Property values in Ras Al Khaimah have seriously skyrocketed over the past year. According to the latest data, prices have climbed as much as 18.5% across both residential and commercial real estate.
Both apartments and villas saw a notable uptick in interest and values over 2023. Popular areas like Al Hamra Village, Al Marjan Island, and Mina Al Arab witnessed price hikes between 5 – 18.5%, indicating the market’s robust health. Rental yields also remain lucrative topping 11.8% for some apartment buildings.
Several factors underpin RAK’s rise.

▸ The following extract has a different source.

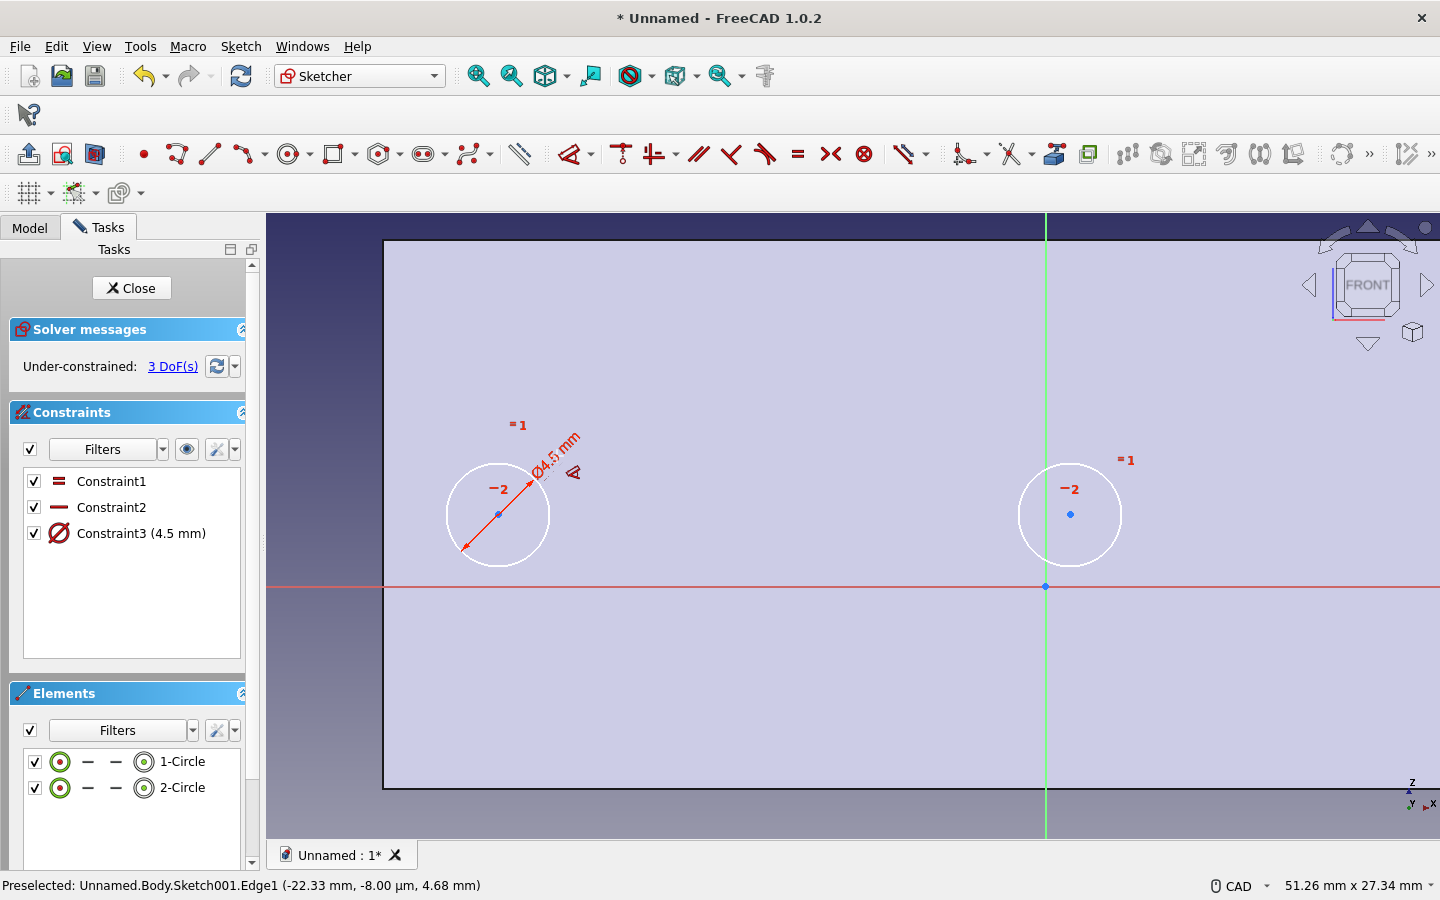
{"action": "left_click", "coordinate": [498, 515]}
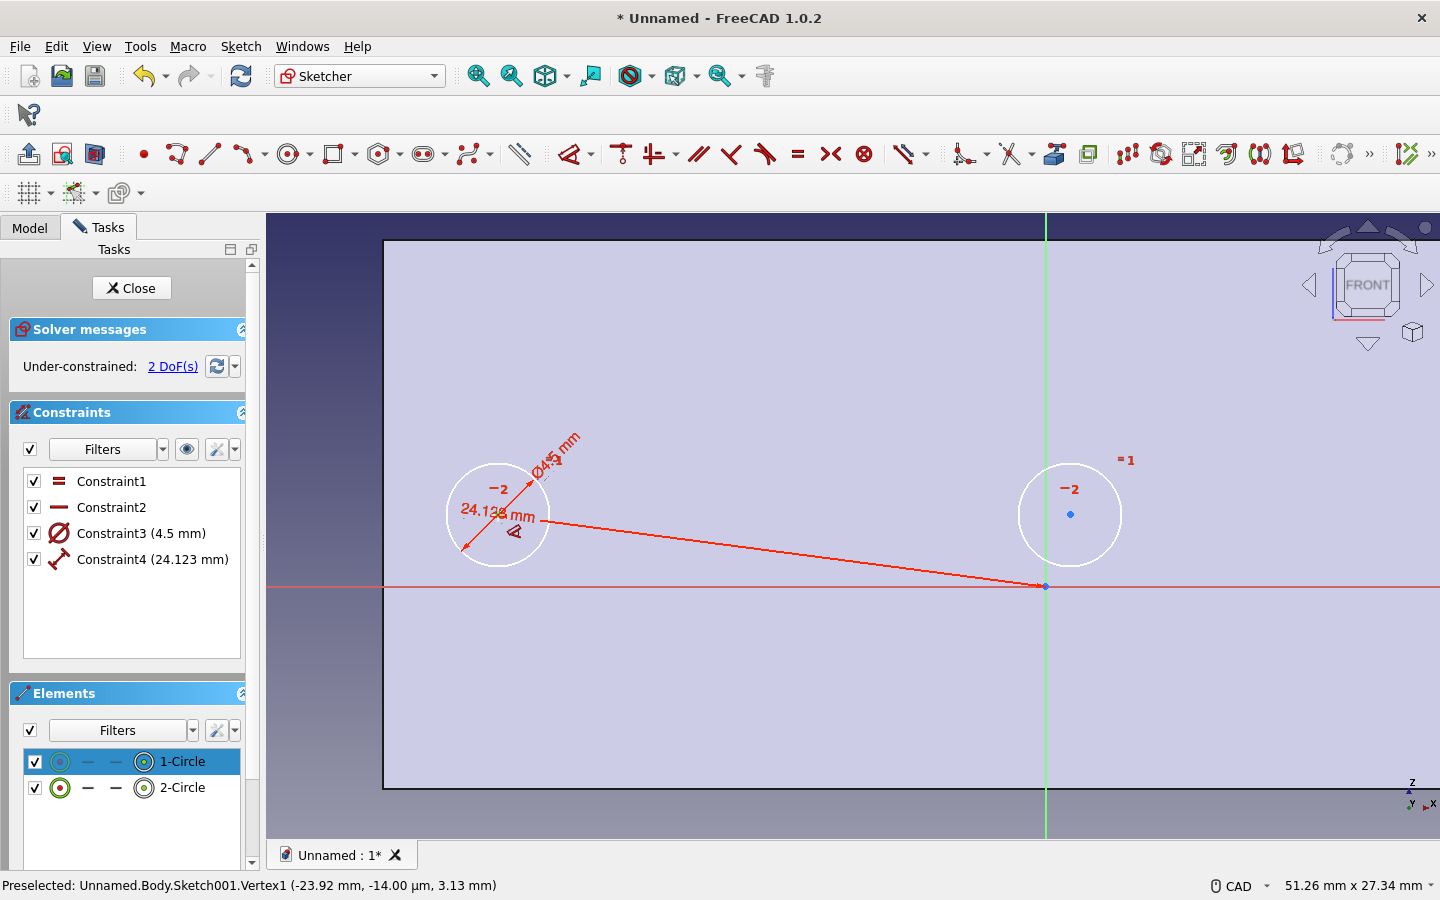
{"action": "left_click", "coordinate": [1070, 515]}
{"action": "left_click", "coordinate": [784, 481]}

The emirate’s business-friendly policies, including zero taxes and full foreign ownership, have won over investors globally. Major hospitality and residential projects like the upcoming Wynn Hotel and Emaar Address Residences Phase 2 Al Marjan which recently launched, highlight the scope for development. Overall, RAK seems poised for sustainable expansion.
According to the experts. “During 2023, we witnessed dynamic growth in RAK real estate. The buzz of opportunity is attracting regional and global investors who recognize RAK as a potential hotspot”.
The Ras Al Khaimah government’s strategic vision and initiatives for the thriving market. With mega-announcements still in the pipeline, RAK has cemented itself as the UAE’s next go-to destination for property buyers from Dubai to New York.
The report analyzed search data on its portal during 2023. For apartment buyers and renters, Al Hamra Village led demand, with prices and rents climbing by 7 – 10%. The high-end Al Marjan Island and Mina Al Arab also saw interest. On the villa front, Al Hamra Village and Mina Al Arab remained preferred choices, with rising rental but marginally cheaper sale prices. As RAK charts an ambitious growth trajectory, its real estate market looks set for an eventful 2024. With urban expansion plans and new attractions in the works, investors can expect the good times to continue rolling if they park their money in this once-quiet emirate now solidifying itself as a real estate gem.